With Congress threatening to "go nuclear" over judicial appointments, and lawmakers accusing judges of being "arrogant, out of control, and unaccountable," many pundits see a dim future for the autonomy of America's courts. But do we really understand the balance between judicial independence and Congress's desire to limit judicial reach? Charles Geyh's When Courts and Congress Collide is the most sweeping study of this question to date, and an unprecedented analysis of the relationship between Congress and our federal courts.

Efforts to check the power of the courts have come and gone throughout American history, from the Jeffersonian Congress's struggle to undo the work of the Federalists, to FDR's campaign to pack the Supreme Court, to the epic Senate battles over the Bork and Thomas nominations. If legislators were solely concerned with curbing the courts, Geyh suggests, they would use direct means, such as impeaching uncooperative judges, gerrymandering their jurisdictions, stripping the bench's oversight powers, or slashing judicial budgets. Yet, while Congress has long been willing to influence judicial decision-making indirectly by blocking the appointments of ideologically unacceptable nominees, it has, with only rare exceptions, resisted employing more direct methods of control.

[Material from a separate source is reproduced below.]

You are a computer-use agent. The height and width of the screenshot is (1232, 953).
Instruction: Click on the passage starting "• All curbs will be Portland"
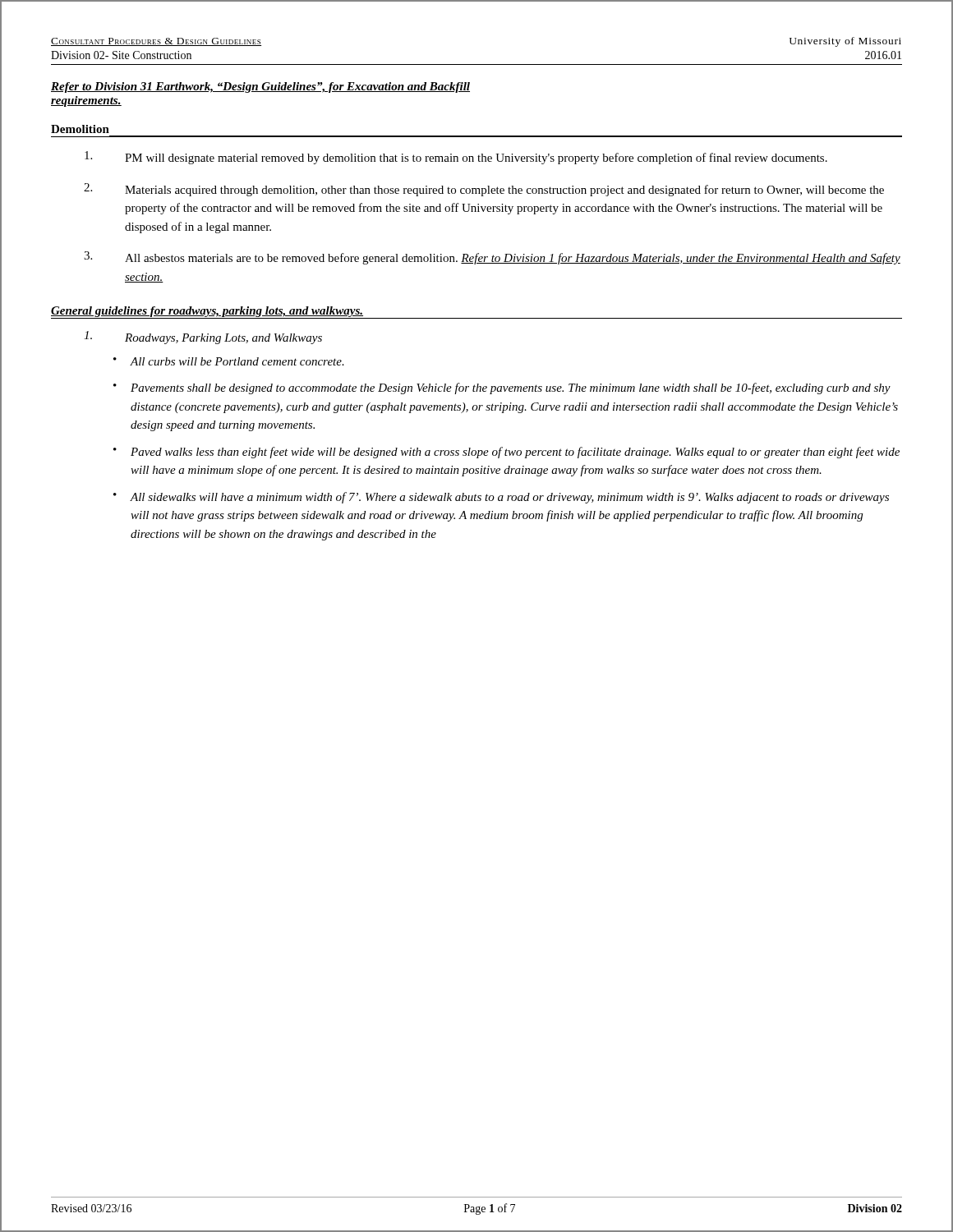(229, 361)

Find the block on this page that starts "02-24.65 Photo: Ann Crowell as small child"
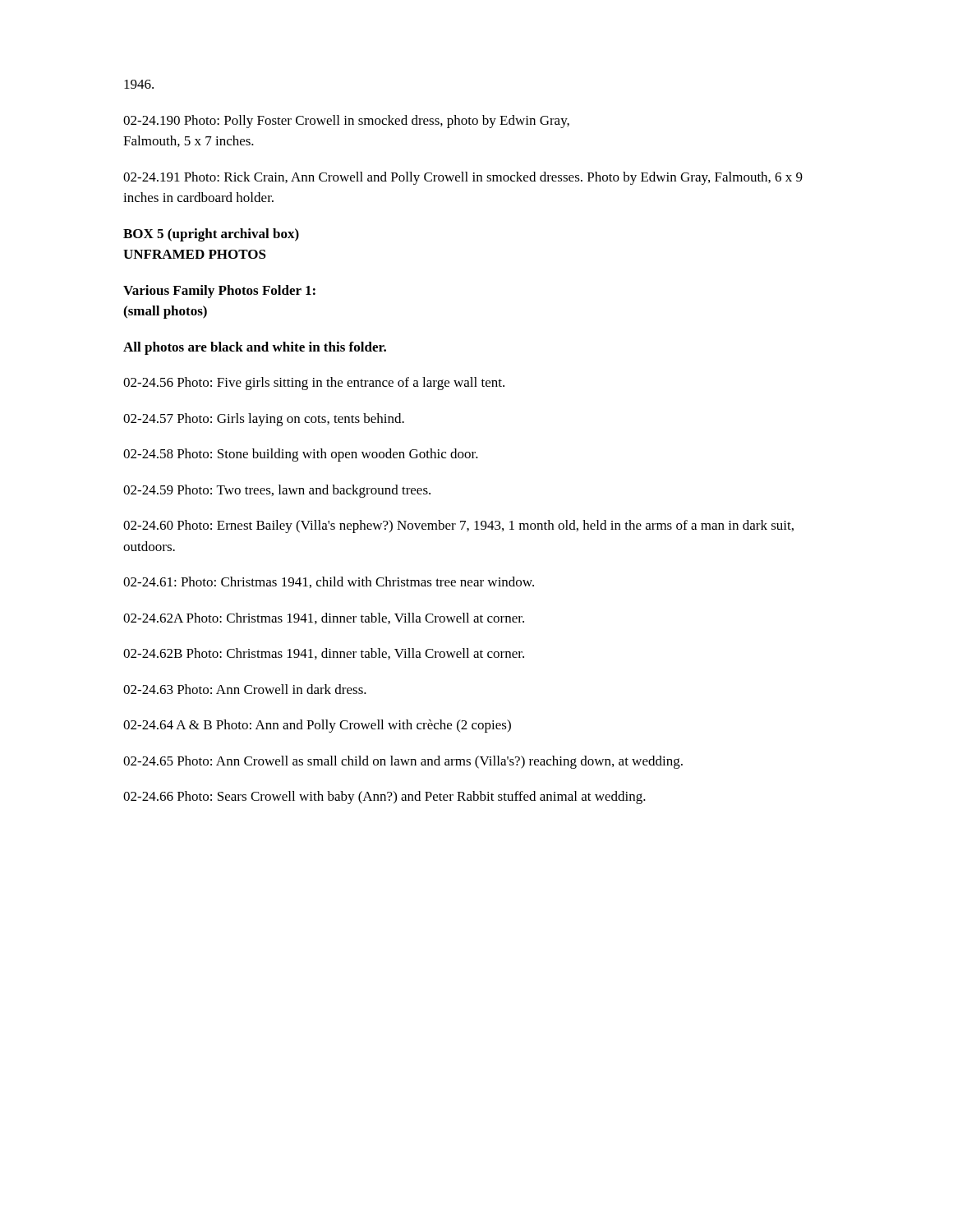[403, 761]
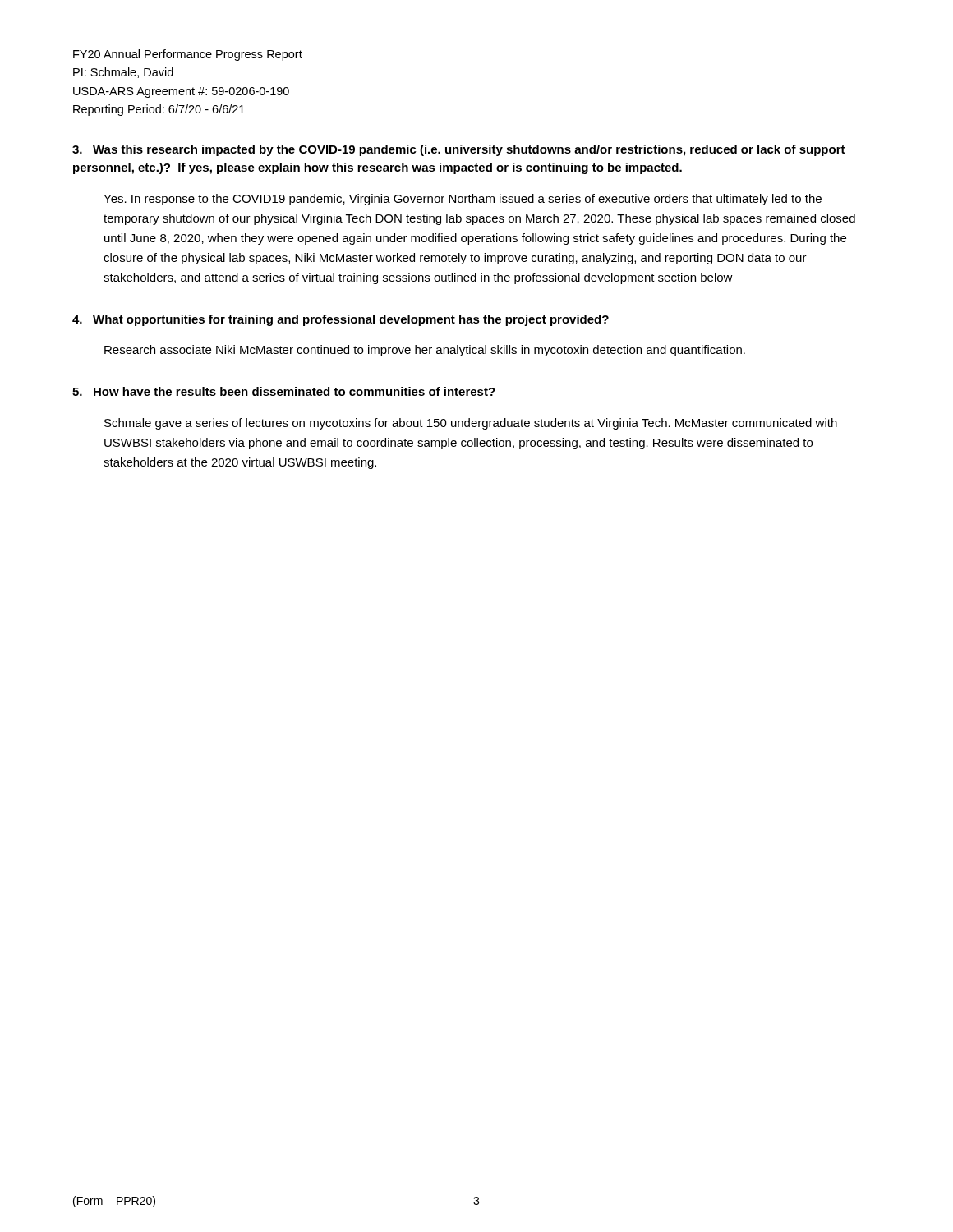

When Courts and Congress Collide is the first work to demonstrate that this balance is governed by a "dynamic equilibrium": a constant give-and-take between Congress's desire to control the judiciary and its respect for historical norms of judicial independence.

It is this dynamic equilibrium, Geyh says, rather than what the Supreme Court or the Constitution says about the separation of powers, that defines the limits of the judiciary's independence. When Courts and Congress Collide is a groundbreaking work, requiring all of us to consider whether we are on the verge of radically disrupting our historic balance of governance.

Charles Gardner Geyh is Professor of Law and Charles L. Whistler Faculty Fellow at Indiana University at Bloomington. He has served as director of the American Judicature Society's Center for Judicial Independence, reporter to the American Bar Association Commission on Separation of Powers and Judicial Independence, and counsel to the Judiciary Committee of the U.S. House of Representatives.